More tales of motorist-beware Tenaha, Texas

From John Ross’s April 28 Short Circuit (Institute for Justice):

Readers may recall Tenaha, Tex. officials’ particularly opprobrious abuse of asset forfeiture, which got a write-up in The New Yorker. This week, the Fifth Circuit shares additional details that were news to the editorial staff: During the investigation of the city’s forfeiture practices, the city marshal bugged other officials’ offices, including the mayor. He was also stealing drugs from the evidence room and selling them.

Is it a climate of forfeiture-derived local government finance that attracts this sort of official?

I wrote up Sarah Stillman’s New Yorker piece at the time. Overlawyered coverage of Tenaha here, here, here, here, here, here, and here.

Pennsylvania high court limits civil asset forfeiture

In an important decision the Pennsylvania Supreme Court has ruled that to seize property under civil process the state must prove that property played a significant role in crime, and the value seized cannot be disproportionate to the offense [AP/Allentown Morning Call, C.J. Ciaramella/Reason, opinion in car and real estate proceedings involving Elizabeth Young, background Milad Emam, Philadelphia Inquirer 2016 op-ed on Institute for Justice brief] Philadelphia authorities seized Young’s house and minivan after her son sold $90 worth of marijuana on her front porch. Earlier this year I covered a different Pennsylvania intermediate court decision, which also checked the scope of forfeiture law, here.

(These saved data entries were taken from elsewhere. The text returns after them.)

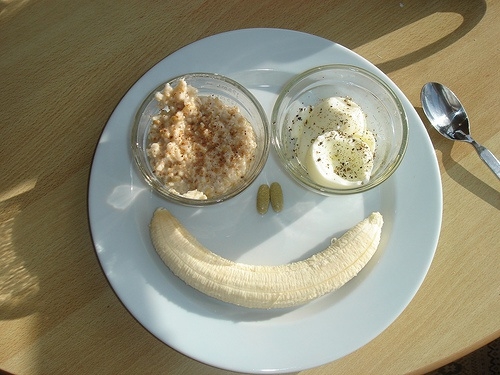Describe the objects in this image and their specific colors. I can see dining table in olive, darkgray, tan, lightgray, and gray tones, bowl in olive, tan, gray, and maroon tones, bowl in olive, darkgray, tan, ivory, and beige tones, banana in olive, beige, and tan tones, and spoon in olive, darkgray, gray, black, and white tones in this image. 
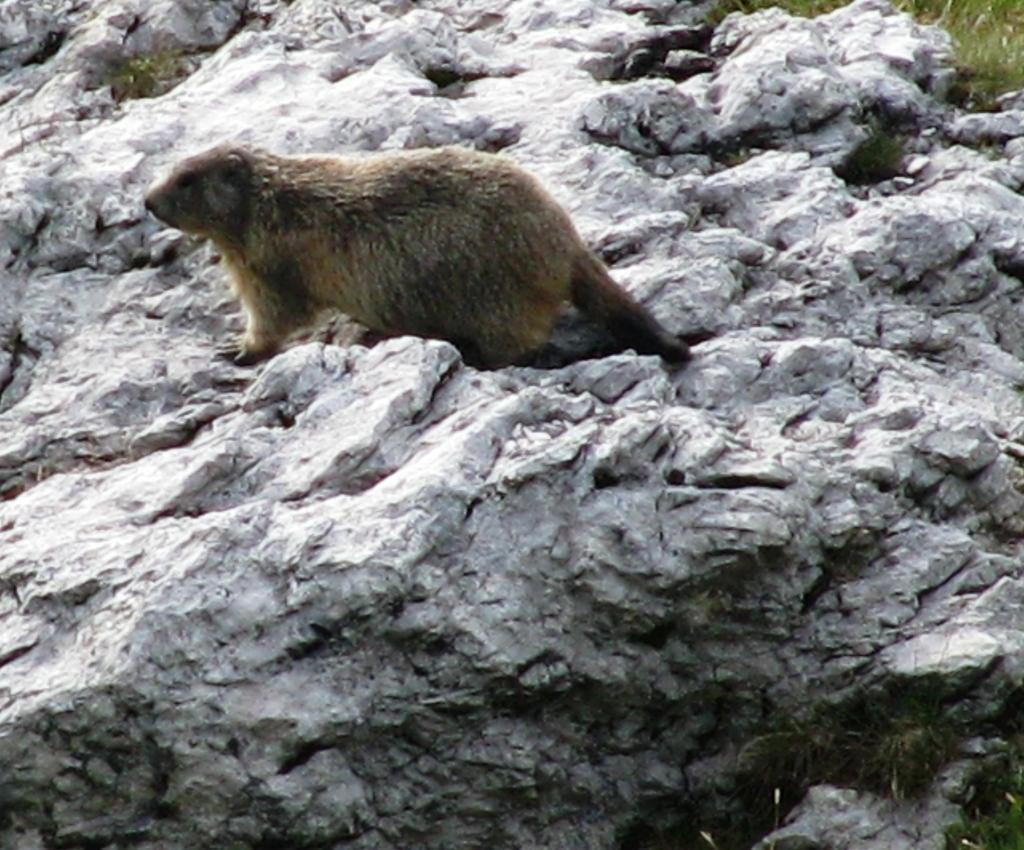Please provide a concise description of this image. In this image, we can see an animal on the rock, we can see the grass on the right side top. 
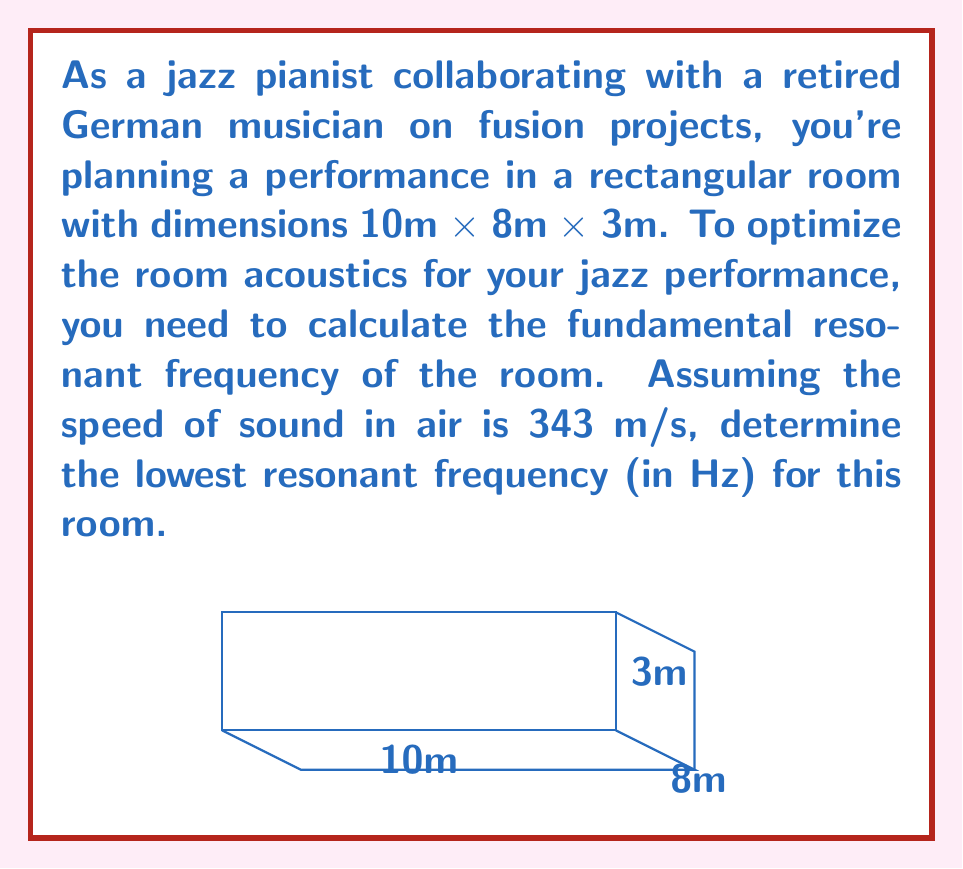Can you solve this math problem? To calculate the fundamental resonant frequency of a rectangular room, we use the following wave equation:

$$f = \frac{c}{2} \sqrt{\left(\frac{n_x}{L_x}\right)^2 + \left(\frac{n_y}{L_y}\right)^2 + \left(\frac{n_z}{L_z}\right)^2}$$

Where:
- $f$ is the resonant frequency
- $c$ is the speed of sound in air (343 m/s)
- $L_x$, $L_y$, and $L_z$ are the room dimensions
- $n_x$, $n_y$, and $n_z$ are integers representing the mode numbers

For the fundamental (lowest) resonant frequency, we use $n_x = n_y = n_z = 1$.

Step 1: Substitute the given values into the equation:
$$f = \frac{343}{2} \sqrt{\left(\frac{1}{10}\right)^2 + \left(\frac{1}{8}\right)^2 + \left(\frac{1}{3}\right)^2}$$

Step 2: Simplify the expression under the square root:
$$f = \frac{343}{2} \sqrt{0.01 + 0.015625 + 0.111111}$$
$$f = \frac{343}{2} \sqrt{0.136736}$$

Step 3: Calculate the final result:
$$f = 171.5 \times 0.369779 = 63.4178 \text{ Hz}$$

Step 4: Round to the nearest whole number:
$$f \approx 63 \text{ Hz}$$
Answer: 63 Hz

Treasury: most structuring money grabs are of otherwise lawful funds

The Treasury Inspector General for Tax Administration has released a new report on federal seizures of funds for the offense of unlawful bank “structuring” — the purposeful keeping of deposits or withdrawals below $10,000, a threshold that triggers reporting by the bank. The report confirms that in the great majority of cases, the funds being deposited or spent were not themselves associated with unlawful activity such as narcotics, tax evasion, or fraud. “The IG took a random sample of 278 IRS forfeiture actions in cases where structuring was the primary basis for seizure. The report found that in 91 percent of those cases, the individuals and business had obtained their money legally.” The seizure of legal source funds appears to have dropped sharply since the announcement of new policies by the IRS in 2014 and the U.S. Department of Justice in 2015. [Christopher Ingraham, Washington Post] Earlier on structuring here.